[Records from a data source]
________

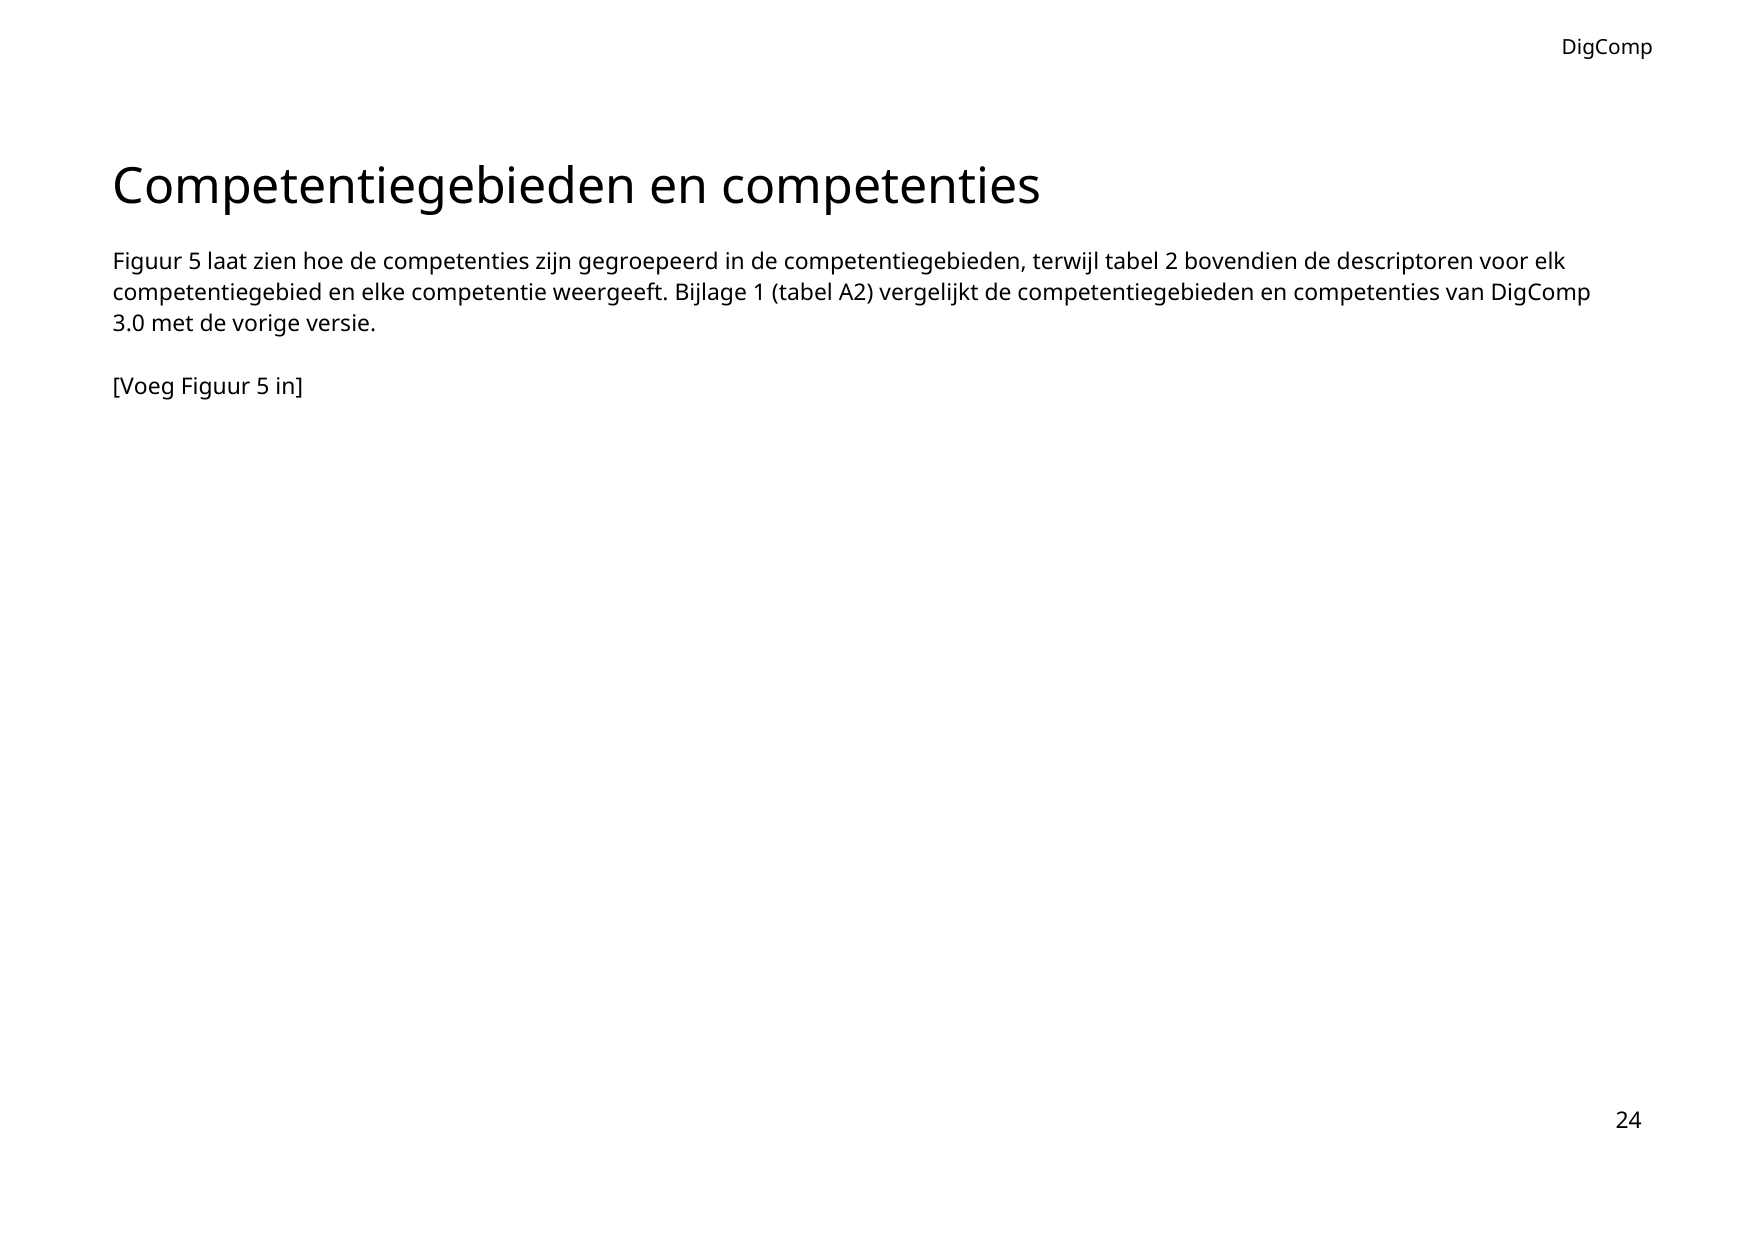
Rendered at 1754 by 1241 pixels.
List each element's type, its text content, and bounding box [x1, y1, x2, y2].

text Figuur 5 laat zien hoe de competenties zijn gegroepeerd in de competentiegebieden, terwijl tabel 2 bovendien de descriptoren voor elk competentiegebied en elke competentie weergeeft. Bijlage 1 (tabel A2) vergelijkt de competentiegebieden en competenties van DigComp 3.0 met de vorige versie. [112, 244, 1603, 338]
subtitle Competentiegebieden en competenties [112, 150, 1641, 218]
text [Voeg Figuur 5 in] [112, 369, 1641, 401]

________

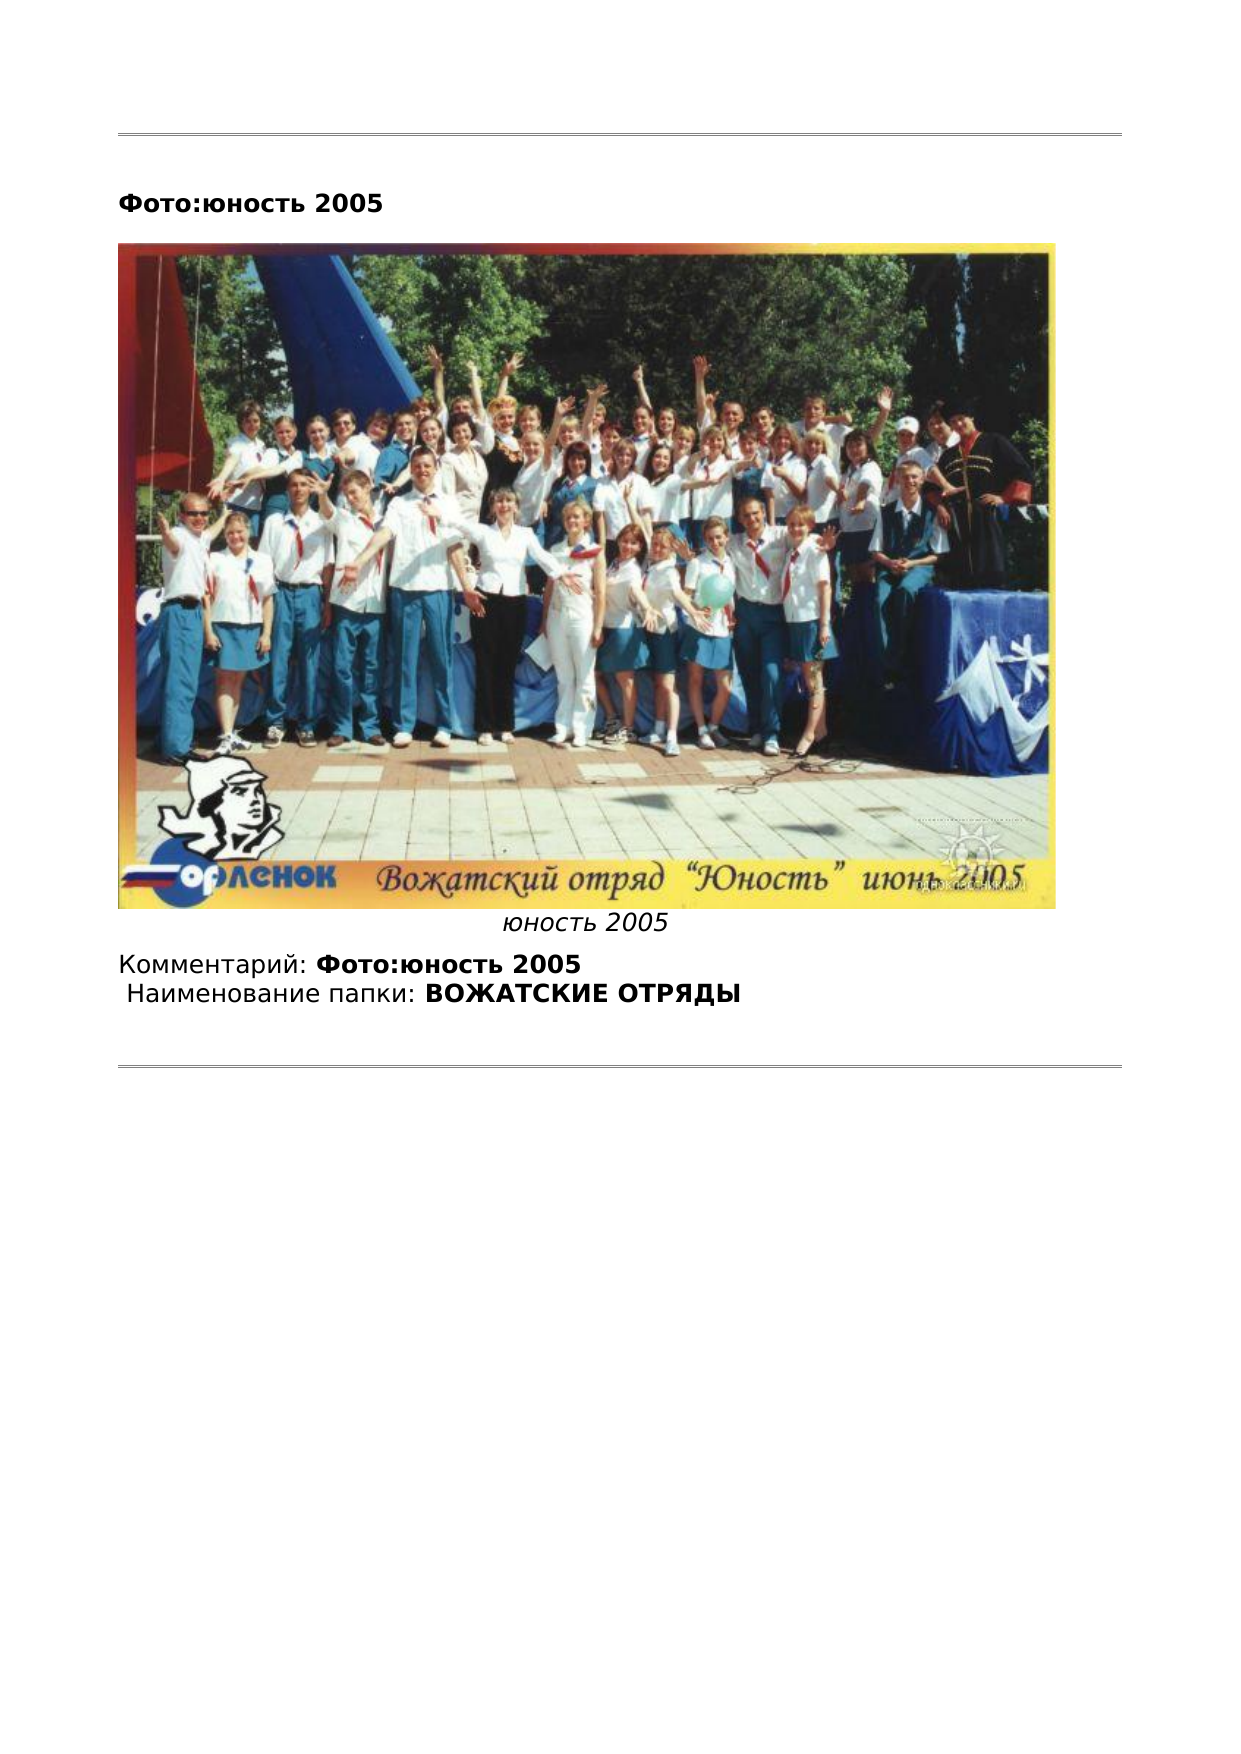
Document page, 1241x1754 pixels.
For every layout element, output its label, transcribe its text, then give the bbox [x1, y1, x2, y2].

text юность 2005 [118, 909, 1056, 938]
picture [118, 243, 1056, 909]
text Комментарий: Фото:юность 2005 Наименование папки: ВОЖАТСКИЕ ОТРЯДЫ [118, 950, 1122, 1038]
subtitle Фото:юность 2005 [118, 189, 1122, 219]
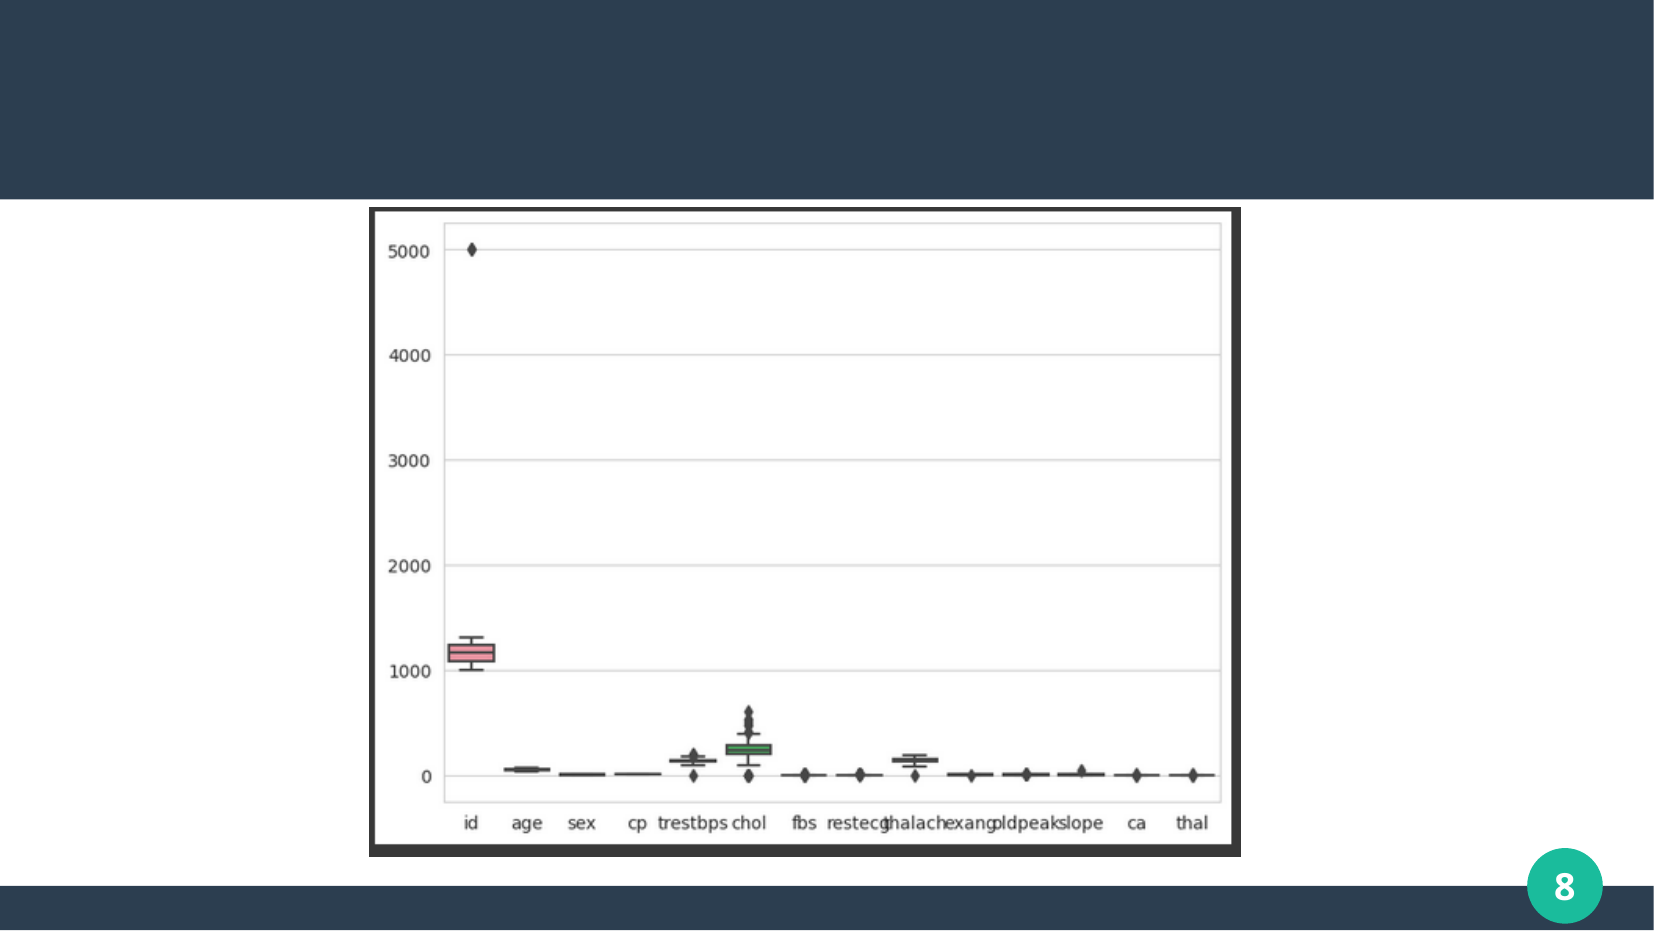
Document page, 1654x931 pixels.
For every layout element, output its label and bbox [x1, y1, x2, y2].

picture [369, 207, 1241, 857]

________

PROBLEM TO SOLVE:
Copy every line in the entries above that has the string "Document" in it.

RESULT OF THE TASK:
Document page, 1241x1754 pixels.
Document page, 1654x931 pixels.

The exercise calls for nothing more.